Stored items

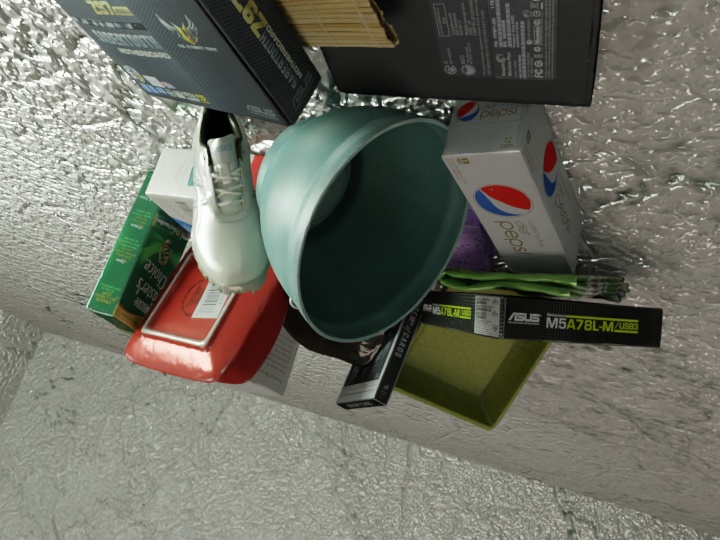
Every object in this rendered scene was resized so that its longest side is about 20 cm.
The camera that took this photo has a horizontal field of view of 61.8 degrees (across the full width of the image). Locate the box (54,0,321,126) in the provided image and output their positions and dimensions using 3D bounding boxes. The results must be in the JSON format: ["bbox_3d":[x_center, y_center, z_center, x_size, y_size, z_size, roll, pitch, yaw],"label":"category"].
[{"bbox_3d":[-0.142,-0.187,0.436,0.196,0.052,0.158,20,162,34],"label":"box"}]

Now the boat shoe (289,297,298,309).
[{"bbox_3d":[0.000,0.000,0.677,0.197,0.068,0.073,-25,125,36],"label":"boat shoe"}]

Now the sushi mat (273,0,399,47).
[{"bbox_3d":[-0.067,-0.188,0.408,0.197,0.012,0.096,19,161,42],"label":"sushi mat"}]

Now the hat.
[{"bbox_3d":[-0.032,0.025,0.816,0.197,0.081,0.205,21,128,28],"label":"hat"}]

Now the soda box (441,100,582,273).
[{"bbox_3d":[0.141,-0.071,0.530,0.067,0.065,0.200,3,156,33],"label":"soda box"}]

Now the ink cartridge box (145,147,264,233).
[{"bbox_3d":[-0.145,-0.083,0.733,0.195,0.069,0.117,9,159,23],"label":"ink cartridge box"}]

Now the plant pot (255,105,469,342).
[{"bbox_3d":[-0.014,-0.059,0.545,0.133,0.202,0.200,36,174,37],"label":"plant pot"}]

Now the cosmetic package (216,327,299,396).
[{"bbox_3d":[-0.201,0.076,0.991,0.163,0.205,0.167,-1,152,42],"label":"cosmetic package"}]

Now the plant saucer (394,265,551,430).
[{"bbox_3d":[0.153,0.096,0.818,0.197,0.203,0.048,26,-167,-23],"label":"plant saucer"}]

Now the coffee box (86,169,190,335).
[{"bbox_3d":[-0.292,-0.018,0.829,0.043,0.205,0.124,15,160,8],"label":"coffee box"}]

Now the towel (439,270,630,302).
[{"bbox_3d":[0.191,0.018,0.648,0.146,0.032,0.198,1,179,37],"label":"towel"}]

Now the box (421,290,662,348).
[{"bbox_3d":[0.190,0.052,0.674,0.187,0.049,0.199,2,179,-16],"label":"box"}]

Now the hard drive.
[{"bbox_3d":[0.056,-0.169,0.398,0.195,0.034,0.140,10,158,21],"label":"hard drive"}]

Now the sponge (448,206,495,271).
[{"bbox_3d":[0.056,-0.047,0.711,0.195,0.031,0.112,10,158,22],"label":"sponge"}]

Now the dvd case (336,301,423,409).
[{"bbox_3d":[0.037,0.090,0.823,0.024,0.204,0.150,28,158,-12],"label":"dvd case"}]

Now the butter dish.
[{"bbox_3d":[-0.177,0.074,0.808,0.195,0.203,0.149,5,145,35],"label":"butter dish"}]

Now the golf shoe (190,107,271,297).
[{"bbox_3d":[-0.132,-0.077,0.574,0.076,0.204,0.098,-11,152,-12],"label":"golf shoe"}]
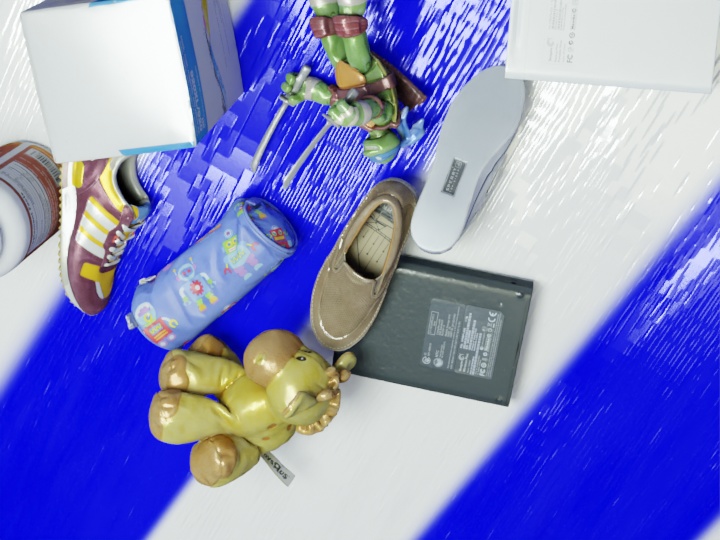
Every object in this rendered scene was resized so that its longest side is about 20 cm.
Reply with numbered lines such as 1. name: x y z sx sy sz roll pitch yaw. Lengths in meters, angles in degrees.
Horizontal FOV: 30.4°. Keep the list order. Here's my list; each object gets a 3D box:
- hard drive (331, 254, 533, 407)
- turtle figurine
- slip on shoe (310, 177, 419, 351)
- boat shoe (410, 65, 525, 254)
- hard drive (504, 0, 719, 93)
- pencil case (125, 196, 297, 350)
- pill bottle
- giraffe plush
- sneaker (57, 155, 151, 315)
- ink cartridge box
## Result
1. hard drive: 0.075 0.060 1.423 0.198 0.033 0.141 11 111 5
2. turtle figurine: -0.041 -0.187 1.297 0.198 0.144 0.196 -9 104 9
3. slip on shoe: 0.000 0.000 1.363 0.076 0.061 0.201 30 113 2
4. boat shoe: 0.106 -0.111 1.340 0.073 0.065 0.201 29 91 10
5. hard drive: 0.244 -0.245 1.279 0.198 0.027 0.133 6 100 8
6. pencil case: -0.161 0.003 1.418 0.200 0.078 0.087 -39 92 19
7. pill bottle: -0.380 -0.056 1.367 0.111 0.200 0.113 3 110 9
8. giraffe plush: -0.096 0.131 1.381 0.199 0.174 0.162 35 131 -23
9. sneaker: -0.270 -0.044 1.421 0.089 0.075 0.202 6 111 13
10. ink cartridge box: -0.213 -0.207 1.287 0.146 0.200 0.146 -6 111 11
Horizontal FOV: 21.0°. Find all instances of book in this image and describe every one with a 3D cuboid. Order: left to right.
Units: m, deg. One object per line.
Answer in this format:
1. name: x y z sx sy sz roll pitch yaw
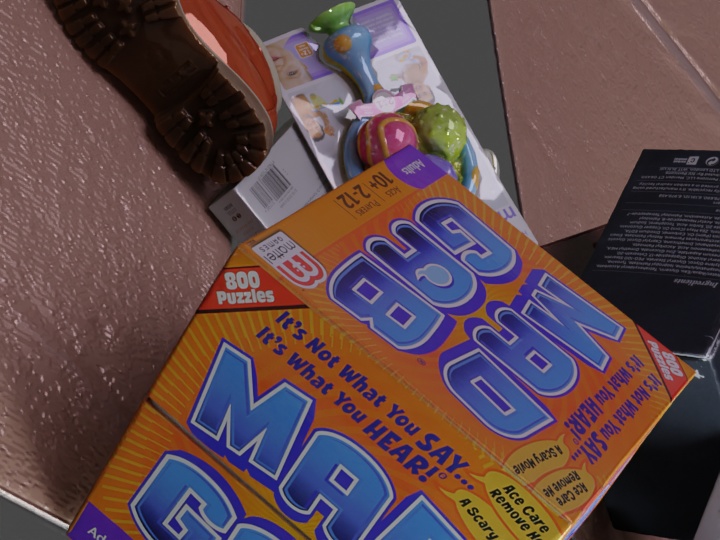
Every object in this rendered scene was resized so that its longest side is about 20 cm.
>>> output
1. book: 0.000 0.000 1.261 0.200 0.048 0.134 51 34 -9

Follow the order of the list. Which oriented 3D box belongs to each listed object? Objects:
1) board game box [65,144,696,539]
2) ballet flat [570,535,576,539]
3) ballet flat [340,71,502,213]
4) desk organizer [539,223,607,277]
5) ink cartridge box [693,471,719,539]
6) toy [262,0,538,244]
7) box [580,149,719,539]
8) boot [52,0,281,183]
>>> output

=== What the task requires ===
Return every line of the entries above that the string "name" appears in.

=== Result of the exercise ===
Reply with numbered lines such as 1. name: x y z sx sy sz roll pitch yaw. Lengths in meters, angles in degrees.
1. name: x y z sx sy sz roll pitch yaw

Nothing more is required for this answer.